Have you ever wondered what it really felt like to live in another time, far remote from our own? Perhaps when early reptiles first became mammals, or round the campfire with some cannibal early humans? If so, nothing will get you closer then the work of Czech artist Zdenek Burian (1905-1981).
Starting out as a commercial artist, he came to collaborate with Czech scientist Professor Josef Augusta. Together they embarked on the finest canon of Paleoart ever created. If the early works owe something to pioneer Charles Knight, then Burian soon left this mentor far behind, producing works whose depth, dynamism and attention to detail cannot be matched. His landscapes capture the vast emptiness of the primeval. His action paintings, the swift movements of dinosaurs and primitive fish in mortal chase and combat. His portraits, whether of Neanderthals or mammoths create real presence and personality for their subjects. His landscapes recall Brueghel or Constable. His use of colour is like Rembrandt‘s. His eye for light and mood is as good as anything in Vermeer-or Edward Hopper, a contemporary whose work also massively transcended its commercial purpose.

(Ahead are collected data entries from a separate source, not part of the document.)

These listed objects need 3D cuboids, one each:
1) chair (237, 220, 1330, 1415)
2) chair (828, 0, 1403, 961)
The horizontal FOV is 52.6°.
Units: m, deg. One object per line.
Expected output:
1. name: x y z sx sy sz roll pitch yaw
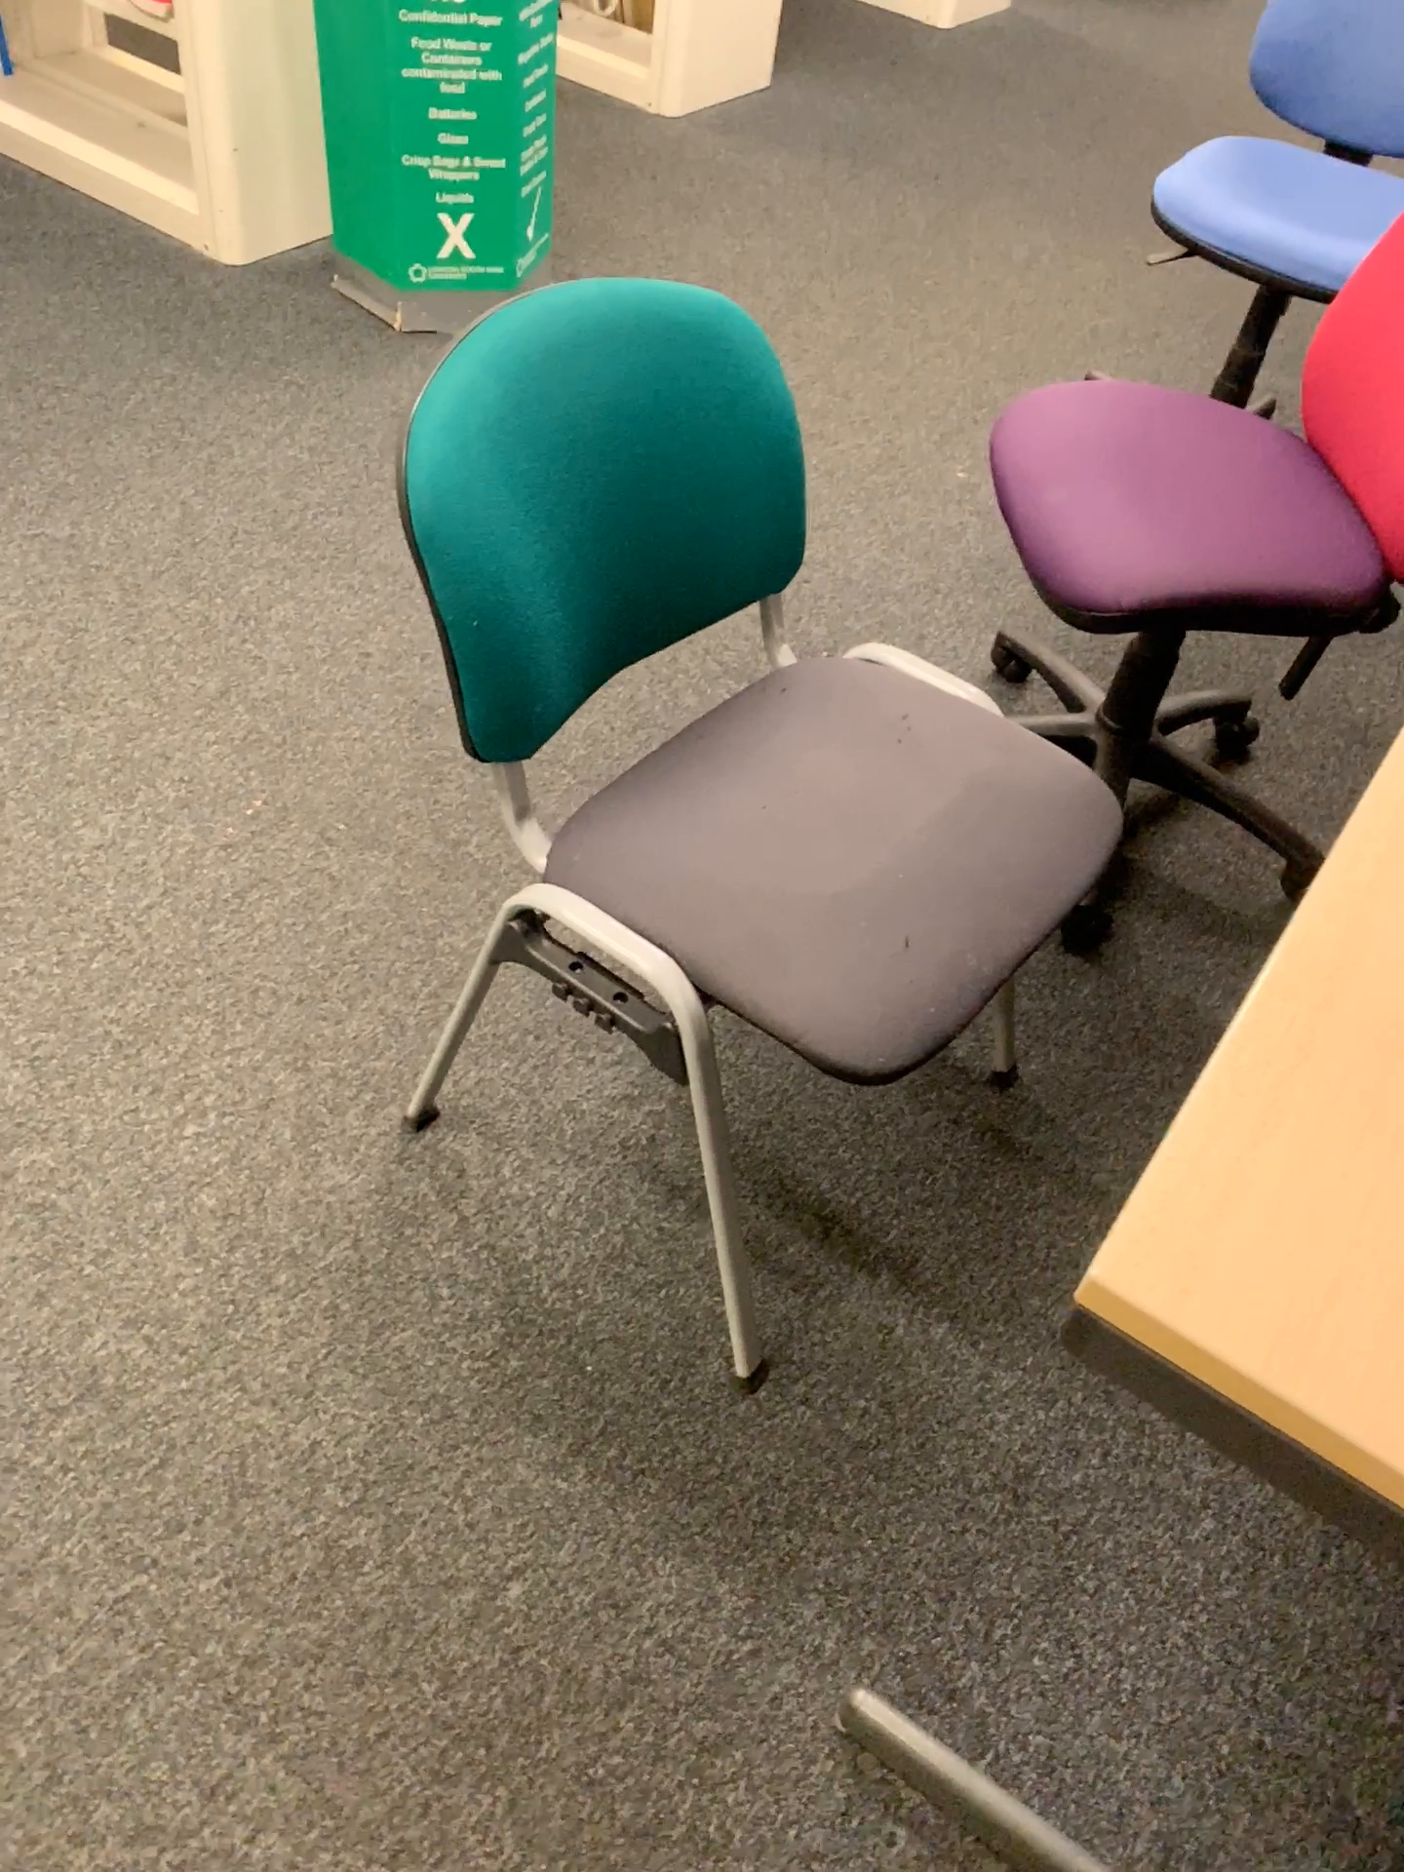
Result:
1. chair: 0.036 -0.114 1.297 0.600 0.721 0.555 33 50 21
2. chair: 0.614 -0.505 1.666 0.668 0.860 0.658 0 47 -10

It’s true that scientific advance has rendered some of his work a little inaccurate. Australopithecines did not have apelike feet, they were entirely modern. If Brachiosaurs had been as deep in the water as Burian depicts them, they would have suffocated immediately. But he worked with best that the science of the time could tell him, and to cavil would be like rejecting Velazquez‘ Seige of Breda on the grounds that details of the soldiers’ uniforms are inaccurate. Sorry, you’re missing the point.
His corpus was vast. If you want to immerse yourself in it, we have a Wikipedia link below as a jumping-off point. But good litho reproductions can be found as illustrations to the books be produced with Augusta and later Professor Spinar, which can be picked off at good prices from sites like e bay and Amazon. As you revel in the art, remember the science. For final recognition came in 2017 when the first wholly Czech dinosaur was named Burianosaurus augusta, in the honour of two fine men.